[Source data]
↓
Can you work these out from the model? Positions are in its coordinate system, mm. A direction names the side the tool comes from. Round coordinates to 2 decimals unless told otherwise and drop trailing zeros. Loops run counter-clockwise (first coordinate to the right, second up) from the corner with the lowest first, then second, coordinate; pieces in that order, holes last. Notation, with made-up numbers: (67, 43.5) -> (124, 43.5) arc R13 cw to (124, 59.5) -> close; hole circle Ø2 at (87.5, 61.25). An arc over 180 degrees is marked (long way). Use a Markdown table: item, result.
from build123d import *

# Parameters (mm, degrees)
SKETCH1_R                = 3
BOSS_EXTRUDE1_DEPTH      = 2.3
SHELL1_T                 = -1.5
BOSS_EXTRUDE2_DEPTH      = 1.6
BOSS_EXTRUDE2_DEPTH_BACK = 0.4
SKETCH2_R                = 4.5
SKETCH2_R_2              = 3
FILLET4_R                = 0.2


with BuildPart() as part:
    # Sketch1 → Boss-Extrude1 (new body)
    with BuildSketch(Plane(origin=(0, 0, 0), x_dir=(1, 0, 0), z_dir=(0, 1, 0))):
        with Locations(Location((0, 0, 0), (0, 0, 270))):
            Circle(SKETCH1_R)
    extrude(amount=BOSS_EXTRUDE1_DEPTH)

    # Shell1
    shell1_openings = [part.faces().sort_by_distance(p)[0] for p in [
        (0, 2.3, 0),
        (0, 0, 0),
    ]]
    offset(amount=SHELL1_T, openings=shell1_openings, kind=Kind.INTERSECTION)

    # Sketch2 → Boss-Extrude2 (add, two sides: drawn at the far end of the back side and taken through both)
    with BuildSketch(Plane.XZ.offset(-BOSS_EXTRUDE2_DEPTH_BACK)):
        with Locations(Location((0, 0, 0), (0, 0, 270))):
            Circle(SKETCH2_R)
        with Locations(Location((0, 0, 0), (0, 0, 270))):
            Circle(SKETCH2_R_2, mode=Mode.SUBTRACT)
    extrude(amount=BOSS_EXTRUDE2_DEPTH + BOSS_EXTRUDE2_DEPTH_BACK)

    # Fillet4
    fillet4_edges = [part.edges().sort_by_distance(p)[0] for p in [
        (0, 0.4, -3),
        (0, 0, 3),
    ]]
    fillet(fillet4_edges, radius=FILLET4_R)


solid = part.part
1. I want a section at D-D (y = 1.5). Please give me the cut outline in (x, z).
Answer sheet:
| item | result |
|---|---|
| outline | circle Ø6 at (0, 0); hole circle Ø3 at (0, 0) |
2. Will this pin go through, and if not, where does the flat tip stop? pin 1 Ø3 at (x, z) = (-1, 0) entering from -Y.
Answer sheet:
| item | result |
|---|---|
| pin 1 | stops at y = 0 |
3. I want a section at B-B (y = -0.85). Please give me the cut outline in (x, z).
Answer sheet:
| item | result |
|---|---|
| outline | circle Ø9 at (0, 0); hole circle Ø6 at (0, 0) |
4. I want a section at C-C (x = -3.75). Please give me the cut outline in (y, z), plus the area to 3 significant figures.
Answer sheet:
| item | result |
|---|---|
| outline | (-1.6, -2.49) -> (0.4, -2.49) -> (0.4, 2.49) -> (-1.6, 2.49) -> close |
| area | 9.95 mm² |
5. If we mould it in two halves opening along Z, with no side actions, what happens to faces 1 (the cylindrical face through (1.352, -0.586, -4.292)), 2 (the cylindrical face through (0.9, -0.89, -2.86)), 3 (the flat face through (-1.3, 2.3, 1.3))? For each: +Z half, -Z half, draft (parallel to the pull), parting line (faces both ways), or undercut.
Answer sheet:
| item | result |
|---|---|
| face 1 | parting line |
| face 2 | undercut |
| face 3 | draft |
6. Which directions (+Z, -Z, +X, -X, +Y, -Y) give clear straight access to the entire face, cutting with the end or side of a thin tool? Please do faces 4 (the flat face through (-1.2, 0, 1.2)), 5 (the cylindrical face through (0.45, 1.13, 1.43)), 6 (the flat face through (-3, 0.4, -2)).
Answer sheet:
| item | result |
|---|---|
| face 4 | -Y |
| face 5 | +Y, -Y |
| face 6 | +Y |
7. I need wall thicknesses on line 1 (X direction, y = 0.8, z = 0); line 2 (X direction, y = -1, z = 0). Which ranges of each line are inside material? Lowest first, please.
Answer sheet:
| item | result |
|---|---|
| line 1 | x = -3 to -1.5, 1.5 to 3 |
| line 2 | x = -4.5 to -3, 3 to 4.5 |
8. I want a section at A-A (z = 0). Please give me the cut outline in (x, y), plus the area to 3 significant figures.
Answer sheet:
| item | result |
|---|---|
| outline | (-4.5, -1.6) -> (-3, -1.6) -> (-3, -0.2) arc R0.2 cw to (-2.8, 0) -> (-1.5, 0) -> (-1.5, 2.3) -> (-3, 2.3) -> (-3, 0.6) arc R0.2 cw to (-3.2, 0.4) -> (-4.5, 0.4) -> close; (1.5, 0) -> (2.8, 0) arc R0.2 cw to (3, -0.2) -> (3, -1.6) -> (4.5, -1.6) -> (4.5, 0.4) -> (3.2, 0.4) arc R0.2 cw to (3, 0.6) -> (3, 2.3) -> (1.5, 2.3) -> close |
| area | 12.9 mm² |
↑
**Task item:**
Your task is to collect every line above that contains the word "draft".

**Reply:**
5. If we mould it in two halves opening along Z, with no side actions, what happens to faces 1 (the cylindrical face through (1.352, -0.586, -4.292)), 2 (the cylindrical face through (0.9, -0.89, -2.86)), 3 (the flat face through (-1.3, 2.3, 1.3))? For each: +Z half, -Z half, draft (parallel to the pull), parting line (faces both ways), or undercut.
| face 3 | draft |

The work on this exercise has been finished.